A council member, recounting a past campaign experience, urged clearer disclosure on yard signs after a volunteer taped over his name on a multiple-candidate sign: "I'd love to know who created the sign so that we can, you know, have some accountability," the council member said. City attorney (S6) responded that "the state law does have disclosure requirements for signage" and cautioned that state changes this session might affect what the city can require.

Why it matters: the proposed changes would affect how long political signs must remain after an election, where signs may be placed on city property, whether new limits apply to all sign sizes and who is responsible for enforcement. Several members said they preferred a clear, enforceable local rule even if the state adopts its own standard.

Council debate covered several specific elements. Members discussed aligning a sign-removal timeframe with a pending state bill (14 days) or keeping a shorter local period (three to five days). One council member urged banning tall "wind" or feather-style banner signs and limiting electronic-message boards to non-flashing, dimmable displays with an eight-second minimum per image to reduce driver distraction. "Brightness is the biggest thing," a council member said; staff said modern displays are dimmable.

The draft also proposes a 200-square-foot baseline maximum for signs, with frontage-based allowances for larger lots; members asked staff to add a clear maximum and to make the ordinance's table consistent with other setback and overhang language. Several council members recommended a joint review with the planning commission before final approval.

Council members repeatedly raised enforcement logistics, asking how the city would remove heavy posts and whether a dedicated enforcement position would be needed. One member said streets crews or a post-puller could handle removals but acknowledged enforcement would require an initial "muscle" effort to change behavior.

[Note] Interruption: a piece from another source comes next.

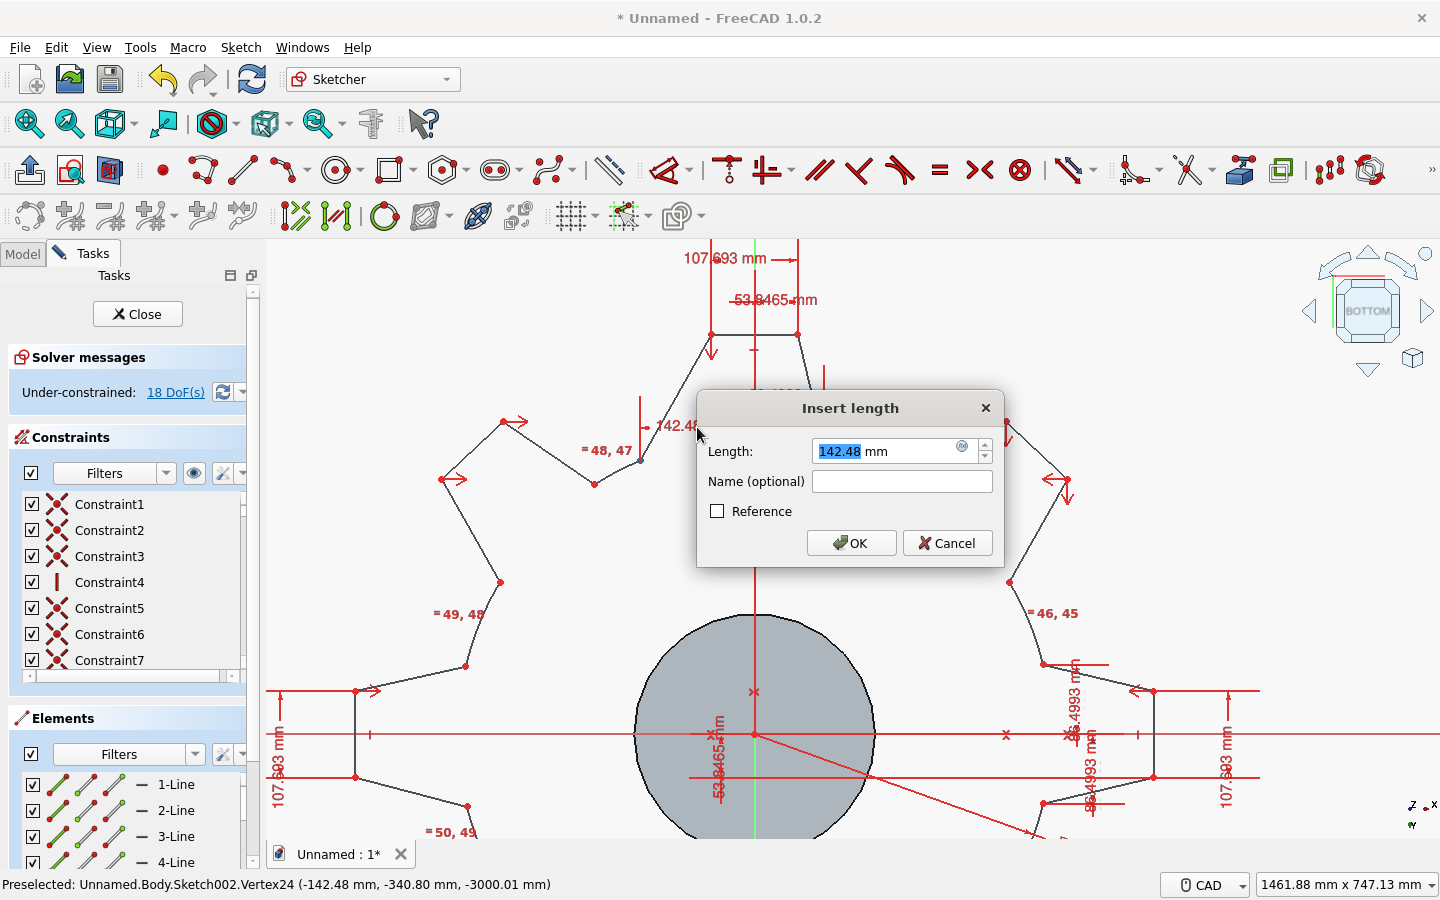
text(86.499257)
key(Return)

Members discussed flagpoles and concerns about content displayed on flags and whether advertising might be disguised as flag use. The city attorney cautioned on free-speech limits while councillors urged tight definitions to prevent advertising from slipping through a flag exemption.

The council did not adopt the ordinance Wednesday; members asked staff to produce a revised draft that reconciles conflicts in the table (for example, whether signs may overhang public right-of-way), incorporate clear definitions for animated versus video displays, and return with planning commission input. Staff said they would email sections of the revised ordinance to council members for review.

What's next: staff will revise the draft, coordinate with the planning commission and return the item to the council for final action.